5 Easy Steps In Creating Your Own Google Browser Size Tool Clone

by Paul Wilson

 

5 Easy Steps In Creating Your Own Google Browser Size Tool Clone

Back in 2012 Google got rid of a very useful online marketing tool called Google Browser Size Tool (GBST). Basically, GBST allowed you to see what percentage of users saw a website when viewed in different browser sizes (and really on different devices if you so desired).

Well, in truth Google didn’t exactly throw GBST away, but added it to Google Analytics. Now the only way you can use this tool is if you have access to a site’s analytics. This is fine for your own online properties, but lately I’ve been doing marketing analysis for several companies where I don’t have access to their analytics.

Often I want to show these companies exactly how their website’s design looks when they are not using a responsive design. The GBST also would have made a compelling case for why carousels (also known as sliders) are a bad idea. If I had the GBST I could quickly pop in a website’s url and make a quick and compelling case on how carousels eat up so much valuable space.

If only there was some altruistic marketer who developed an alternative tool! Fortunately, you can be that benevolent marketer without touching a line of code. Recently, I found an awesome Chrome extension that is actually used for web design, but with a quick tweak can do everything the GBST did.
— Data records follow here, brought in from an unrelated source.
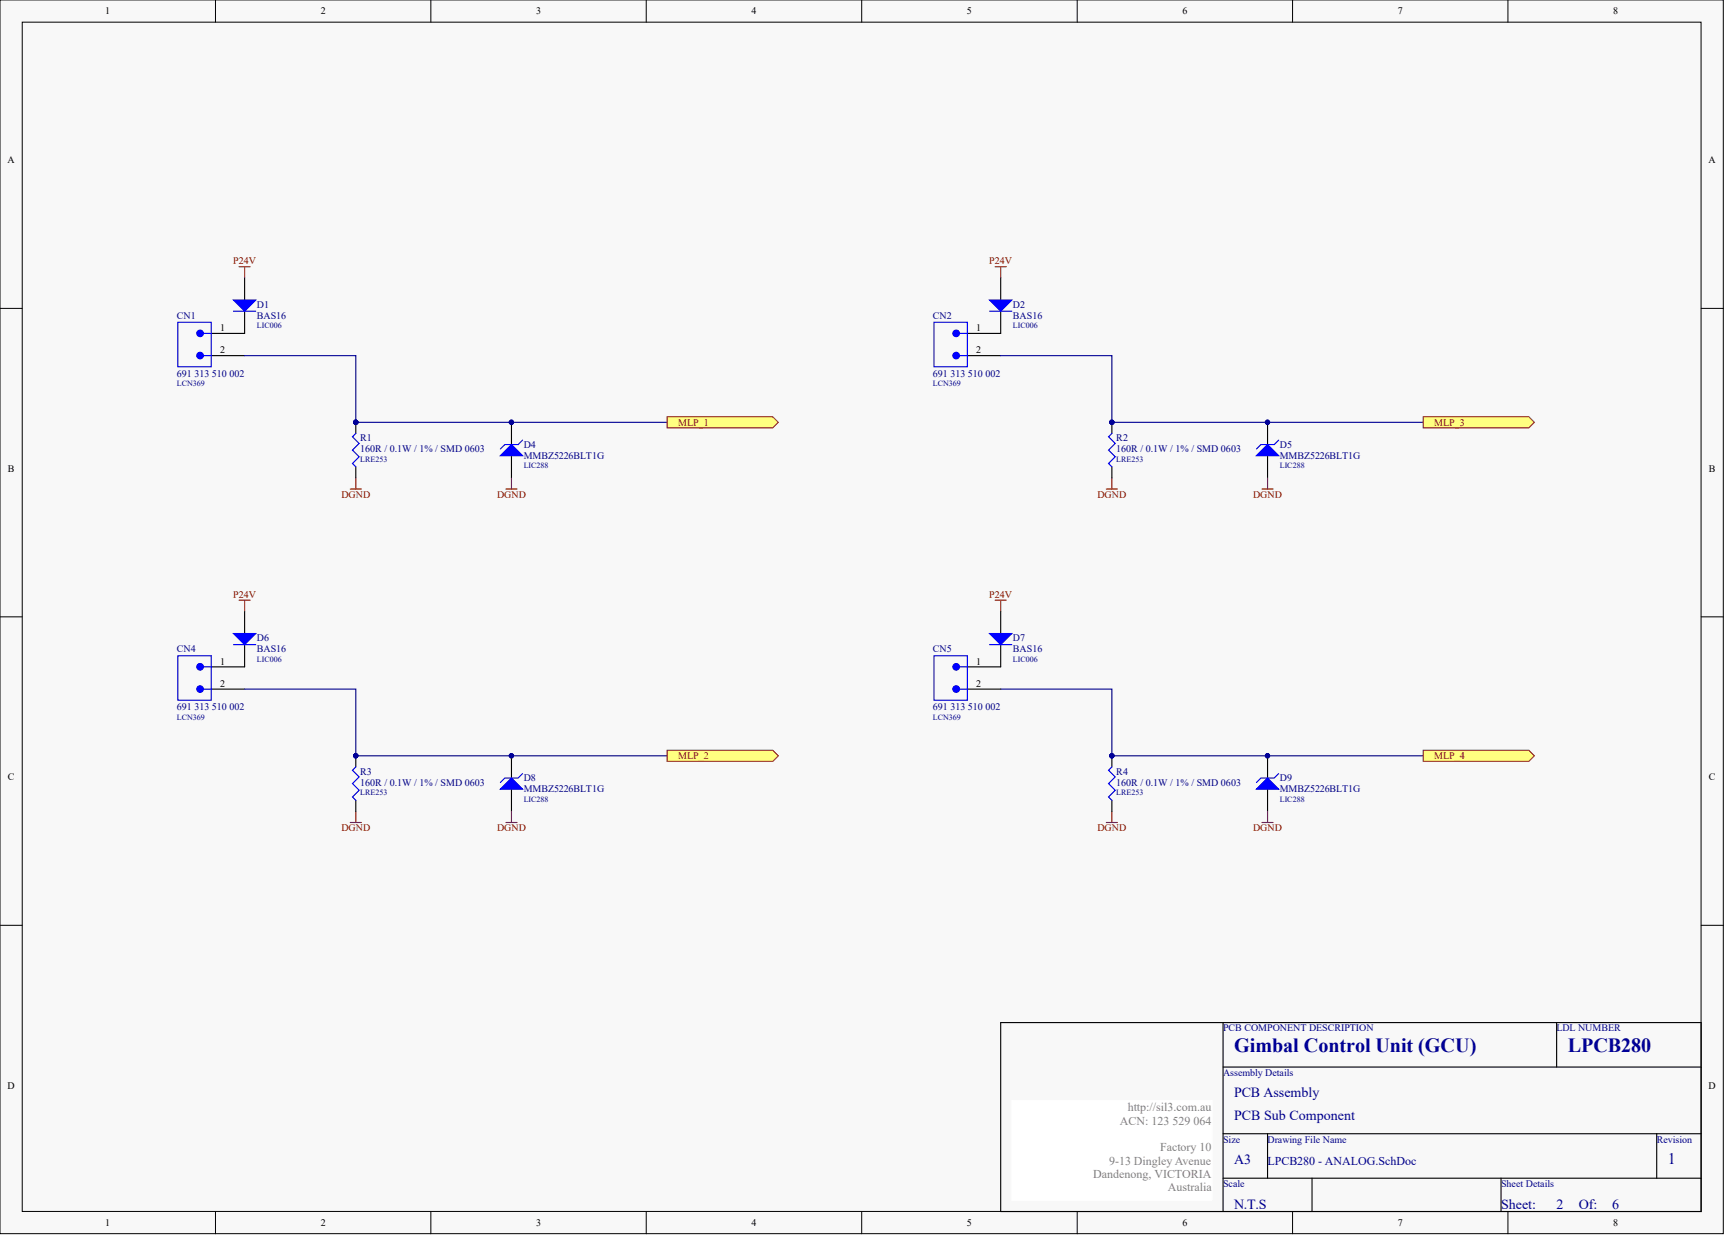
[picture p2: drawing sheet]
<svg xmlns="http://www.w3.org/2000/svg" width="328mm" height="235mm" viewBox="0 0 328 235" stroke-linecap="round" stroke-linejoin="round" font-family="sans-serif">
<defs><g id="words">
<g font-size="3.8" fill="#000080">
<text x="234.6" y="199.9">Gimbal Control Unit (GCU)</text>
<text x="298" y="199.9">LPCB280</text>
</g>
<text font-size="3" fill="#000080" x="317" y="221.2">1</text>
<g font-size="2.7" fill="#000080">
<text x="234.6" y="208.6">PCB Assembly</text>
<text x="234.6" y="212.8">PCB Sub Component</text>
<text x="234.6" y="221.3">A3</text>
<text x="234.6" y="229.7">N.T.S</text>
<text x="285.3" y="229.7">Sheet:</text>
<text x="295.9" y="229.7">2</text>
<text x="300.1" y="229.7">Of:</text>
<text x="306.5" y="229.7">6</text>
</g>
<g font-size="2.3" fill="#808080">
<text x="212.9" y="213.8">ACN: 123 529 064</text>
<text x="214.4" y="211.2">http://sil3.com.au</text>
<text x="210.8" y="221.4">9-13 Dingley Avenue</text>
<text x="220.5" y="218.8">Factory 10</text>
<text x="207.8" y="223.9">Dandenong, VICTORIA</text>
<text x="222" y="226.4">Australia</text>
</g>
<text font-size="2.3" fill="#000080" x="240.9" y="221.4">LPCB280 - ANALOG.SchDoc</text>
<g font-size="1.9">
<text x="20" y="2.7">1</text>
<text x="61" y="2.7">2</text>
<text x="101.9" y="2.7">3</text>
<text x="142.9" y="2.7">4</text>
<text x="183.8" y="2.7">5</text>
<text x="224.7" y="2.7">6</text>
<text x="265.7" y="2.7">7</text>
<text x="306.6" y="2.7">8</text>
<text x="1.4" y="31">A</text>
<text x="324.8" y="31">A</text>
<text x="41.8" y="63">1</text>
<text x="185.6" y="63">1</text>
<text x="41.8" y="67.2">2</text>
<text x="185.6" y="67.2">2</text>
<text x="1.5" y="89.6">B</text>
<text x="324.8" y="89.6">B</text>
<text x="41.8" y="130.6">2</text>
<text x="41.8" y="126.3">1</text>
<text x="185.6" y="130.6">2</text>
<text x="185.6" y="126.3">1</text>
<text x="1.5" y="148.3">C</text>
<text x="324.8" y="148.3">C</text>
<text x="1.4" y="206.9">D</text>
<text x="324.8" y="206.9">D</text>
<text x="20" y="233.1">1</text>
<text x="61" y="233.1">2</text>
<text x="101.9" y="233.1">3</text>
<text x="142.9" y="233.1">4</text>
<text x="183.8" y="233.1">5</text>
<text x="224.7" y="233.1">6</text>
<text x="265.7" y="233.1">7</text>
<text x="306.6" y="233.1">8</text>
</g>
<g font-size="1.9" fill="#800000">
<text x="44.3" y="50.3">P24V</text>
<text x="188" y="50.3">P24V</text>
<text x="128.9" y="80.9">MLP_1</text>
<text x="272.6" y="80.9">MLP_3</text>
<text x="64.9" y="94.6">DGND</text>
<text x="94.5" y="94.6">DGND</text>
<text x="208.6" y="94.6">DGND</text>
<text x="238.2" y="94.6">DGND</text>
<text x="44.3" y="113.7">P24V</text>
<text x="188" y="113.7">P24V</text>
<text x="128.9" y="144.3">MLP_2</text>
<text x="272.6" y="144.3">MLP_4</text>
<text x="64.9" y="158">DGND</text>
<text x="94.5" y="158">DGND</text>
<text x="208.6" y="158">DGND</text>
<text x="238.2" y="158">DGND</text>
</g>
<g font-size="1.9" fill="#000080">
<text x="48.8" y="58.5">D1</text>
<text x="192.5" y="58.5">D2</text>
<text x="33.6" y="60.6">CN1</text>
<text x="48.8" y="60.6">BAS16</text>
<text x="177.3" y="60.6">CN2</text>
<text x="192.5" y="60.6">BAS16</text>
<text x="33.6" y="71.6">691 313 510 002</text>
<text x="177.3" y="71.6">691 313 510 002</text>
<text x="68.5" y="83.9">R1</text>
<text x="212.2" y="83.9">R2</text>
<text x="68.5" y="86">160R / 0.1W / 1% / SMD 0603</text>
<text x="99.5" y="85.1">D4</text>
<text x="99.5" y="87.3">MMBZ5226BLT1G</text>
<text x="212.2" y="86">160R / 0.1W / 1% / SMD 0603</text>
<text x="243.3" y="85.1">D5</text>
<text x="243.3" y="87.3">MMBZ5226BLT1G</text>
<text x="33.6" y="124">CN4</text>
<text x="48.8" y="121.9">D6</text>
<text x="48.8" y="124">BAS16</text>
<text x="177.3" y="124">CN5</text>
<text x="192.5" y="121.9">D7</text>
<text x="192.5" y="124">BAS16</text>
<text x="33.6" y="135">691 313 510 002</text>
<text x="177.3" y="135">691 313 510 002</text>
<text x="68.5" y="147.3">R3</text>
<text x="68.5" y="149.4">160R / 0.1W / 1% / SMD 0603</text>
<text x="99.5" y="148.5">D8</text>
<text x="212.2" y="147.3">R4</text>
<text x="212.2" y="149.4">160R / 0.1W / 1% / SMD 0603</text>
<text x="243.3" y="148.5">D9</text>
<text x="99.5" y="150.6">MMBZ5226BLT1G</text>
<text x="243.3" y="150.6">MMBZ5226BLT1G</text>
<text x="232.5" y="196.1">PCB COMPONENT DESCRIPTION</text>
<text x="295.9" y="196.1">LDL NUMBER</text>
<text x="232.5" y="204.5">Assembly Details</text>
<text x="232.5" y="217.2">Size</text>
<text x="240.9" y="217.2">Drawing File Name</text>
<text x="314.9" y="217.2">Revision</text>
<text x="232.5" y="225.7">Scale</text>
<text x="285.3" y="225.7">Sheet Details</text>
</g>
<g font-size="1.5" fill="#000080">
<text x="48.8" y="62.4">LIC006</text>
<text x="192.5" y="62.4">LIC006</text>
<text x="33.6" y="73.4">LCN369</text>
<text x="177.3" y="73.4">LCN369</text>
<text x="68.5" y="87.8">LRE253</text>
<text x="99.5" y="89">LIC288</text>
<text x="212.2" y="87.8">LRE253</text>
<text x="243.3" y="89">LIC288</text>
<text x="48.8" y="125.8">LIC006</text>
<text x="192.5" y="125.8">LIC006</text>
<text x="33.6" y="136.8">LCN369</text>
<text x="177.3" y="136.8">LCN369</text>
<text x="68.5" y="151.2">LRE253</text>
<text x="99.5" y="152.4">LIC288</text>
<text x="212.2" y="151.2">LRE253</text>
<text x="243.3" y="152.4">LIC288</text>
</g>
</g></defs>
<g fill="#f8f8f8" stroke="#000" stroke-width=".19">
<path d="M0 0h327.6v234.5h-327.6z"/>
<path d="M4.2 4.2h319.1v226.1h-319.1z"/>
</g>
<g fill="none" stroke="#000" stroke-width=".19">
<path d="M41 0v4.2M81.9 0v4.2M122.8 0v4.2M163.8 0v4.2M204.8 0v4.2M245.7 0v4.2M286.6 0v4.2M0 58.6h4.2M323.4 58.6h4.2M0 117.3h4.2M323.4 117.3h4.2M0 175.9h4.2"/>
<path d="M323.4 175.9h4.2M41 230.3v4.2M81.9 230.3v4.2M122.8 230.3v4.2M163.8 230.3v4.2M204.8 230.3v4.2M245.7 230.3v4.2M286.6 230.3v4.2"/>
</g>
<g fill="none" stroke="#000" stroke-width=".21">
<path d="M46.5 59.2v4.2h-6.3M46.5 52.8v4.2M40.2 67.6h6.3M67.6 80.3v2.1M67.6 88.7v2.1M97.2 80.3v4.2M97.2 86.6v4.2M190.2 194.4h133.2v35.9h-133.2zM232.5 194.4v35.9M295.9 194.4v8.4M232.5 202.8h90.9M232.5 215.5h90.9"/>
<path d="M240.9 215.5v8.5M314.9 215.5v8.5M232.5 224h90.9M249.4 224v6.3M285.3 224v6.3"/>
</g>
<path d="M192.3 209.2h38.1v19h-38.1z" fill="#fff" stroke="#fff" stroke-width=".19"/>
<path d="M44.4 59.2h4.2M33.8 61.3h6.4v8.4h-6.4zM38.7 67.6h1.5M38.7 63.4h1.5M67.6 82.4l-.6 .6 1.3 1.3-1.3 1.3 1.3 1.2-1.3 1.3 .6 .6M99.3 83.7l-.8 .8h-2.5l-.9 .9" fill="none" stroke="#00f" stroke-width=".21"/>
<g fill="#00f" stroke="#00f" stroke-width=".21">
<circle cx="38" cy="67.6" r=".62"/>
<circle cx="38" cy="63.4" r=".62"/>
</g>
<g fill="#00f" stroke="#00f" stroke-width=".21">
<path d="M44.4 57h4.2l-2.1 2.2z"/>
<path d="M95.1 86.6l2.1-2.1 2.1 2.1z"/>
</g>
<path d="M45.4 50.7h2.2M46.5 50.7v2.1M66.6 93h2.1M67.6 90.8v2.2M96.2 93h2.1M97.2 90.8v2.2" fill="none" stroke="#800000" stroke-width=".21"/>
<path d="M46.5 67.6h21.1v12.7h59.2" fill="none" stroke="#000080" stroke-width=".21"/>
<g fill="#000080" stroke="#000080" stroke-width=".19">
<circle cx="67.6" cy="80.3" r=".41"/>
<circle cx="97.2" cy="80.3" r=".41"/>
</g>
<path d="M126.8 79.2h20.1l1 1.1-1 1h-20.1z" fill-rule="evenodd" fill="#ffff80" stroke="#800000" stroke-width=".19"/>
<path d="M46.5 116.2v4.2M40.2 131h6.3M46.5 122.5v4.3h-6.3M67.6 143.7v2.1M67.6 152.1v2.1M97.2 143.7v4.2M97.2 150v4.2" fill="none" stroke="#000" stroke-width=".21"/>
<path d="M33.8 124.7h6.4v8.4h-6.4zM38.7 131h1.5M38.7 126.8h1.5M44.4 122.5h4.2M67.6 145.8l-.6 .6 1.3 1.3-1.3 1.3 1.3 1.2-1.3 1.3 .6 .6M99.3 147.1l-.8 .8h-2.5l-.9 .8" fill="none" stroke="#00f" stroke-width=".21"/>
<g fill="#00f" stroke="#00f" stroke-width=".21">
<circle cx="38" cy="131" r=".62"/>
<circle cx="38" cy="126.8" r=".62"/>
</g>
<g fill="#00f" stroke="#00f" stroke-width=".21">
<path d="M44.4 120.4h4.2l-2.1 2.1z"/>
<path d="M95.1 150l2.1-2.1 2.1 2.1z"/>
</g>
<path d="M45.4 114.1h2.2M46.5 114.1v2.1M66.6 156.3h2.1M67.6 154.2v2.1M96.2 156.3h2.1M97.2 154.2v2.1" fill="none" stroke="#800000" stroke-width=".21"/>
<path d="M46.5 131h21.1v12.7h59.2" fill="none" stroke="#000080" stroke-width=".21"/>
<g fill="#000080" stroke="#000080" stroke-width=".19">
<circle cx="67.6" cy="143.7" r=".41"/>
<circle cx="97.2" cy="143.7" r=".41"/>
</g>
<path d="M126.8 142.6h20.1l1 1.1-1 1h-20.1z" fill-rule="evenodd" fill="#ffff80" stroke="#800000" stroke-width=".19"/>
<path d="M190.2 59.2v4.2h-6.3M190.2 52.8v4.2M183.9 67.6h6.3M211.4 80.3v2.1M211.4 88.7v2.1M240.9 80.3v4.2M240.9 86.6v4.2" fill="none" stroke="#000" stroke-width=".21"/>
<path d="M188.1 59.2h4.2M177.5 61.3h6.4v8.4h-6.4zM182.4 67.6h1.5M182.4 63.4h1.5M211.4 82.4l-.7 .6 1.3 1.3-1.3 1.3 1.3 1.2-1.3 1.3 .7 .6M243.1 83.7l-.9 .8h-2.5l-.9 .9" fill="none" stroke="#00f" stroke-width=".21"/>
<g fill="#00f" stroke="#00f" stroke-width=".21">
<circle cx="181.8" cy="67.6" r=".62"/>
<circle cx="181.8" cy="63.4" r=".62"/>
</g>
<g fill="#00f" stroke="#00f" stroke-width=".21">
<path d="M188.1 57h4.2l-2.1 2.2z"/>
<path d="M238.8 86.6l2.1-2.1 2.2 2.1z"/>
</g>
<path d="M189.2 50.7h2.1M190.2 50.7v2.1M210.3 93h2.1M211.4 90.8v2.2M239.9 93h2.1M240.9 90.8v2.2" fill="none" stroke="#800000" stroke-width=".21"/>
<path d="M190.2 67.6h21.2v12.7h59.1" fill="none" stroke="#000080" stroke-width=".21"/>
<g fill="#000080" stroke="#000080" stroke-width=".19">
<circle cx="211.3" cy="80.3" r=".41"/>
<circle cx="240.9" cy="80.3" r=".41"/>
</g>
<path d="M270.5 79.2h20.1l1.1 1.1-1.1 1h-20.1z" fill-rule="evenodd" fill="#ffff80" stroke="#800000" stroke-width=".19"/>
<path d="M190.2 116.2v4.2M183.9 131h6.3M190.2 122.5v4.3h-6.3M211.4 143.7v2.1M211.4 152.1v2.1M240.9 143.7v4.2M240.9 150v4.2" fill="none" stroke="#000" stroke-width=".21"/>
<path d="M177.5 124.7h6.4v8.4h-6.4zM182.4 131h1.5M182.4 126.8h1.5M188.1 122.5h4.2M211.4 145.8l-.7 .6 1.3 1.3-1.3 1.3 1.3 1.2-1.3 1.3 .7 .6M243.1 147.1l-.9 .8h-2.5l-.9 .8" fill="none" stroke="#00f" stroke-width=".21"/>
<g fill="#00f" stroke="#00f" stroke-width=".21">
<circle cx="181.8" cy="131" r=".62"/>
<circle cx="181.8" cy="126.8" r=".62"/>
</g>
<g fill="#00f" stroke="#00f" stroke-width=".21">
<path d="M188.1 120.4h4.2l-2.1 2.1z"/>
<path d="M238.8 150l2.1-2.1 2.2 2.1z"/>
</g>
<path d="M189.2 114.1h2.1M190.2 114.1v2.1M210.3 156.3h2.1M211.4 154.2v2.1M239.9 156.3h2.1M240.9 154.2v2.1" fill="none" stroke="#800000" stroke-width=".21"/>
<path d="M190.2 131h21.2v12.7h59.1" fill="none" stroke="#000080" stroke-width=".21"/>
<g fill="#000080" stroke="#000080" stroke-width=".19">
<circle cx="211.3" cy="143.7" r=".41"/>
<circle cx="240.9" cy="143.7" r=".41"/>
</g>
<path d="M270.5 142.6h20.1l1.1 1.1-1.1 1h-20.1z" fill-rule="evenodd" fill="#ffff80" stroke="#800000" stroke-width=".19"/>
<use href="#words"/>
</svg>

Here is how you can, in five easy steps, create your own GBST clone:

STEP 1: Add Extension

If you’re not using Google Chrome (which you should be) open it up and add the WebDeveloper Image Overlay extension.
webdeveloper-image-overlay_arrow600

STEP 2: Copy Image URL

I found an old image of GBST and added it to MyMarketer just in case the image is ever removed. Go here and grab the url of the image (or right click on the image below and select “copy image url”). You might even consider downloading the image and uploading it to your own server so you don’t have to even rely on MyMarketer.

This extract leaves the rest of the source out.